▶ [Your goal] Look through the records, and whenever a line includes the word "reply", copy it.
START Records provided
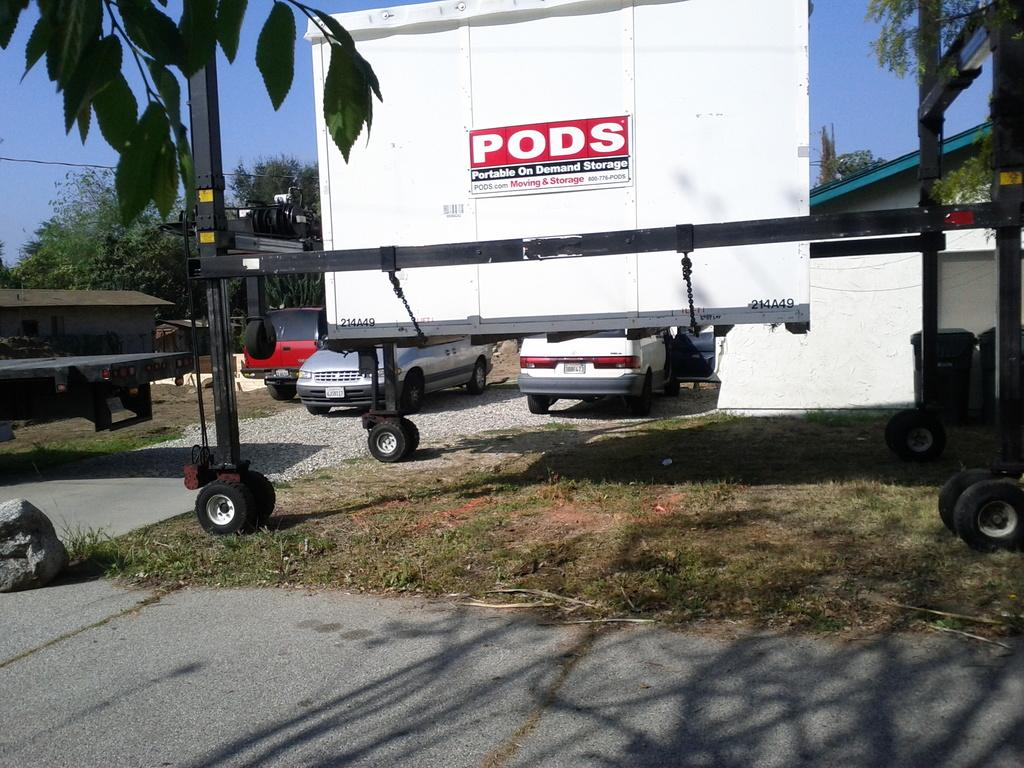What is the main subject of the image? The main subject of the image is a moving container on the grassy land. What other vehicles can be seen in the image? There are cars visible in the image. What type of natural elements are present in the image? There are trees in the image. What type of structure is present in the image? There is a house in the image. What is the color of the sky in the image? The sky is blue in the image. What is at the bottom of the image? There is a road at the bottom of the image. What type of lock is used to secure the poison in the tree in the image? There is no lock, poison, or tree present in the image. 
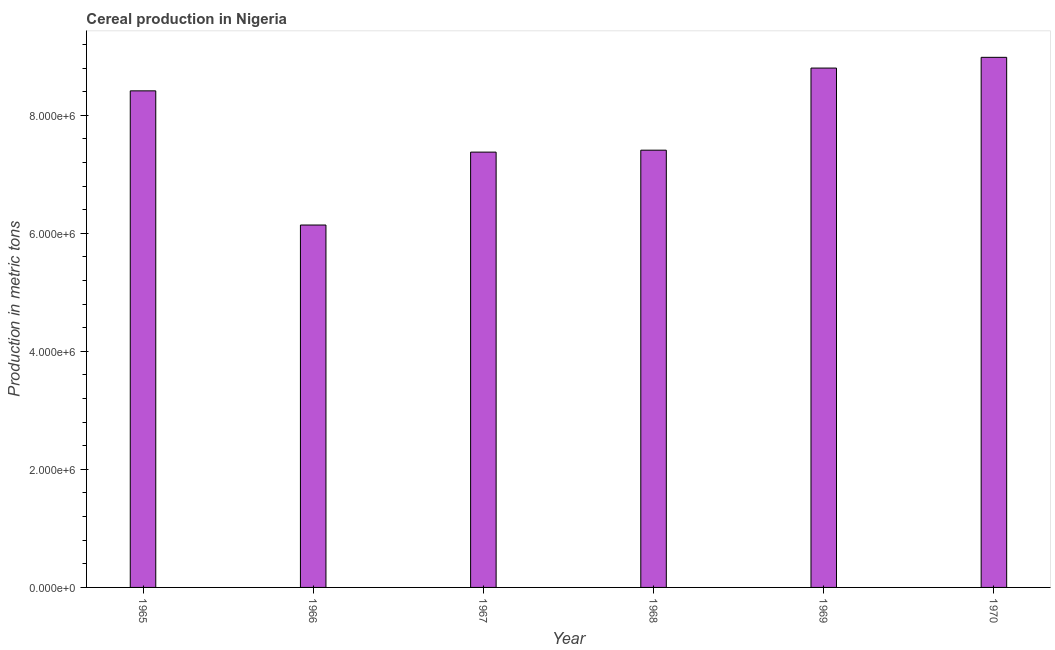Does the graph contain any zero values?
Your answer should be very brief. No. What is the title of the graph?
Provide a succinct answer. Cereal production in Nigeria. What is the label or title of the X-axis?
Ensure brevity in your answer.  Year. What is the label or title of the Y-axis?
Provide a succinct answer. Production in metric tons. What is the cereal production in 1969?
Offer a terse response. 8.80e+06. Across all years, what is the maximum cereal production?
Provide a short and direct response. 8.98e+06. Across all years, what is the minimum cereal production?
Offer a terse response. 6.14e+06. In which year was the cereal production maximum?
Your answer should be very brief. 1970. In which year was the cereal production minimum?
Provide a succinct answer. 1966. What is the sum of the cereal production?
Give a very brief answer. 4.71e+07. What is the difference between the cereal production in 1965 and 1969?
Give a very brief answer. -3.86e+05. What is the average cereal production per year?
Your response must be concise. 7.85e+06. What is the median cereal production?
Provide a short and direct response. 7.91e+06. What is the ratio of the cereal production in 1968 to that in 1969?
Give a very brief answer. 0.84. Is the cereal production in 1967 less than that in 1970?
Offer a very short reply. Yes. Is the difference between the cereal production in 1965 and 1968 greater than the difference between any two years?
Offer a very short reply. No. What is the difference between the highest and the second highest cereal production?
Your response must be concise. 1.82e+05. Is the sum of the cereal production in 1965 and 1967 greater than the maximum cereal production across all years?
Your answer should be compact. Yes. What is the difference between the highest and the lowest cereal production?
Ensure brevity in your answer.  2.84e+06. In how many years, is the cereal production greater than the average cereal production taken over all years?
Ensure brevity in your answer.  3. How many bars are there?
Give a very brief answer. 6. Are all the bars in the graph horizontal?
Ensure brevity in your answer.  No. How many years are there in the graph?
Provide a succinct answer. 6. What is the difference between two consecutive major ticks on the Y-axis?
Provide a short and direct response. 2.00e+06. Are the values on the major ticks of Y-axis written in scientific E-notation?
Ensure brevity in your answer.  Yes. What is the Production in metric tons of 1965?
Ensure brevity in your answer.  8.41e+06. What is the Production in metric tons of 1966?
Your response must be concise. 6.14e+06. What is the Production in metric tons in 1967?
Ensure brevity in your answer.  7.38e+06. What is the Production in metric tons in 1968?
Provide a succinct answer. 7.41e+06. What is the Production in metric tons of 1969?
Offer a terse response. 8.80e+06. What is the Production in metric tons in 1970?
Provide a short and direct response. 8.98e+06. What is the difference between the Production in metric tons in 1965 and 1966?
Provide a short and direct response. 2.27e+06. What is the difference between the Production in metric tons in 1965 and 1967?
Your answer should be very brief. 1.04e+06. What is the difference between the Production in metric tons in 1965 and 1968?
Make the answer very short. 1.00e+06. What is the difference between the Production in metric tons in 1965 and 1969?
Provide a short and direct response. -3.86e+05. What is the difference between the Production in metric tons in 1965 and 1970?
Make the answer very short. -5.68e+05. What is the difference between the Production in metric tons in 1966 and 1967?
Provide a succinct answer. -1.24e+06. What is the difference between the Production in metric tons in 1966 and 1968?
Keep it short and to the point. -1.27e+06. What is the difference between the Production in metric tons in 1966 and 1969?
Provide a short and direct response. -2.66e+06. What is the difference between the Production in metric tons in 1966 and 1970?
Your answer should be compact. -2.84e+06. What is the difference between the Production in metric tons in 1967 and 1968?
Provide a short and direct response. -3.30e+04. What is the difference between the Production in metric tons in 1967 and 1969?
Make the answer very short. -1.42e+06. What is the difference between the Production in metric tons in 1967 and 1970?
Your answer should be compact. -1.61e+06. What is the difference between the Production in metric tons in 1968 and 1969?
Your answer should be compact. -1.39e+06. What is the difference between the Production in metric tons in 1968 and 1970?
Keep it short and to the point. -1.57e+06. What is the difference between the Production in metric tons in 1969 and 1970?
Offer a very short reply. -1.82e+05. What is the ratio of the Production in metric tons in 1965 to that in 1966?
Provide a short and direct response. 1.37. What is the ratio of the Production in metric tons in 1965 to that in 1967?
Offer a very short reply. 1.14. What is the ratio of the Production in metric tons in 1965 to that in 1968?
Your answer should be very brief. 1.14. What is the ratio of the Production in metric tons in 1965 to that in 1969?
Ensure brevity in your answer.  0.96. What is the ratio of the Production in metric tons in 1965 to that in 1970?
Provide a short and direct response. 0.94. What is the ratio of the Production in metric tons in 1966 to that in 1967?
Offer a terse response. 0.83. What is the ratio of the Production in metric tons in 1966 to that in 1968?
Provide a succinct answer. 0.83. What is the ratio of the Production in metric tons in 1966 to that in 1969?
Provide a succinct answer. 0.7. What is the ratio of the Production in metric tons in 1966 to that in 1970?
Your answer should be compact. 0.68. What is the ratio of the Production in metric tons in 1967 to that in 1969?
Offer a terse response. 0.84. What is the ratio of the Production in metric tons in 1967 to that in 1970?
Keep it short and to the point. 0.82. What is the ratio of the Production in metric tons in 1968 to that in 1969?
Ensure brevity in your answer.  0.84. What is the ratio of the Production in metric tons in 1968 to that in 1970?
Keep it short and to the point. 0.82.
END Records provided
▶ [Your solution]
Offer a very short reply. Yes. Is the difference between the cereal production in 1965 and 1968 greater than the difference between any two years?
Offer a very short reply. No. What is the difference between the highest and the second highest cereal production?
Offer a very short reply. -1.82e+05. What is the ratio of the Production in metric tons in 1965 to that in 1966?
Offer a very short reply. 1.14. What is the ratio of the Production in metric tons in 1965 to that in 1968?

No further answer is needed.